Improvement of the low-field-induced magnetocaloric effect in EuTiO3 compounds* *Project supported by the National Key Research and Development Program of China (Grant No. 2017YFB0702704), the National Natural Science Foundation of China (Grant Nos. 11504266 and 51676198), the Tianjin Natural Science Foundation, China (Grant No. 17JCQNJC02300), and the Science & Technology Development Fund of Tianjin Education Commission for Higher Education, China

Abstract

The magnetocaloric effect of Mn, Ni, and Mn–Ni-doped EuTiO3 compounds are studied in the near-liquid-helium-temperature range. The Eu(Ti0.9375Mn0.0625)O3, Eu(Ti0.975Ni0.025)O3, and Eu(Ti0.9125Mn0.0625Ni0.025)O3 are prepared by the sol–gel method. The Eu(Ti0.9375Mn0.0625)O3 and Eu(Ti0.9125Mn0.0625Ni0.025)O3 exhibit ferromagnetism with second-order phase transition, and the Eu(Ti0.975Ni0.025)O3 displays antiferromagnetic behavior.
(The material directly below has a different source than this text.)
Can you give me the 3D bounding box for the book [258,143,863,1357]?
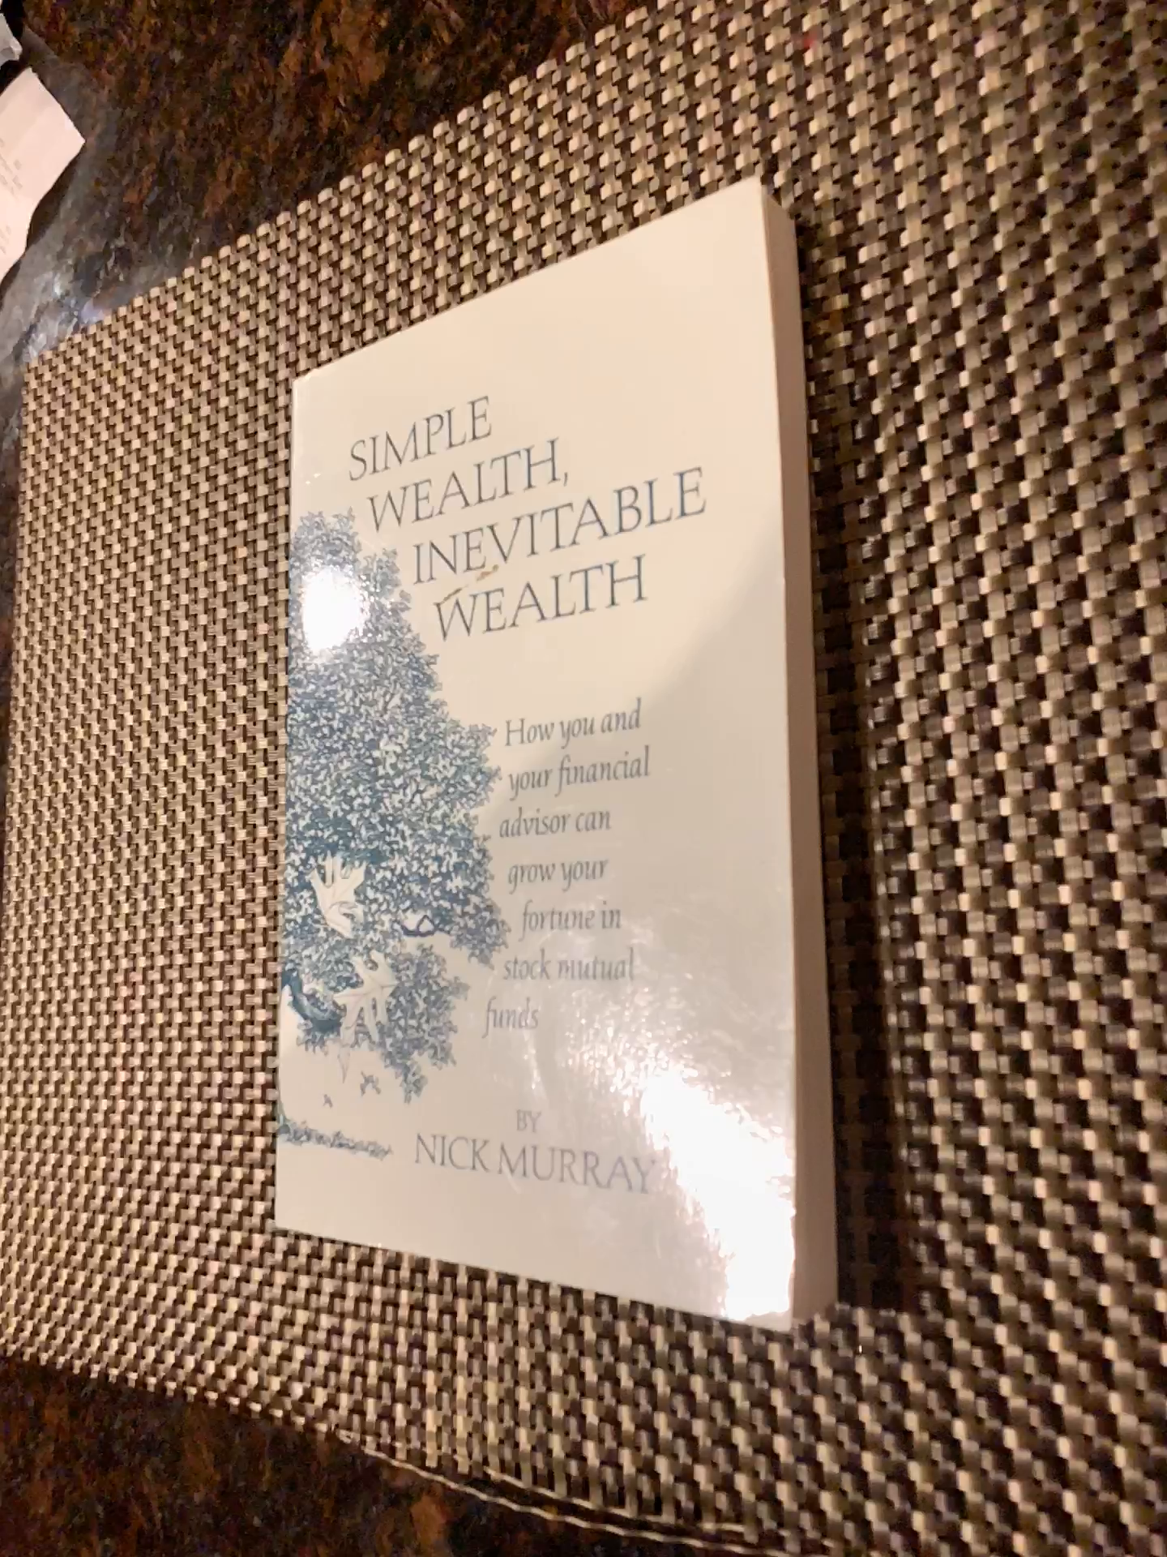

Under the magnetic field change of 10 kOe (1 Oe = 79.5775 A⋅m−1), the values of magnetic entropy change are 8.8 J⋅kg−1⋅K−1, 12 J⋅kg−1⋅K−1, and 10.9 J⋅kg−1⋅K−1 for Eu(Ti0.9375Mn0.0625)O3, Eu(Ti0.975Ni0.025)O3, and Eu(Ti0.9125Mn0.0625Ni0.025)O3, respectively. The co-substitution of Mn and Ni can not only improve the magnetic entropy change, but also widen the refrigeration temperature window, which greatly enhances the magnetic refrigeration capacity. Under the magnetic field change of 10 kOe, the refrigerant capacity value of Eu(Ti0.9125Mn0.0625Ni0.025)O3 is 62.6 J⋅kg−1 more than twice that of EuTiO3 (27 J⋅kg−1), indicating that multi-component substitution can lead to better magnetocaloric performance.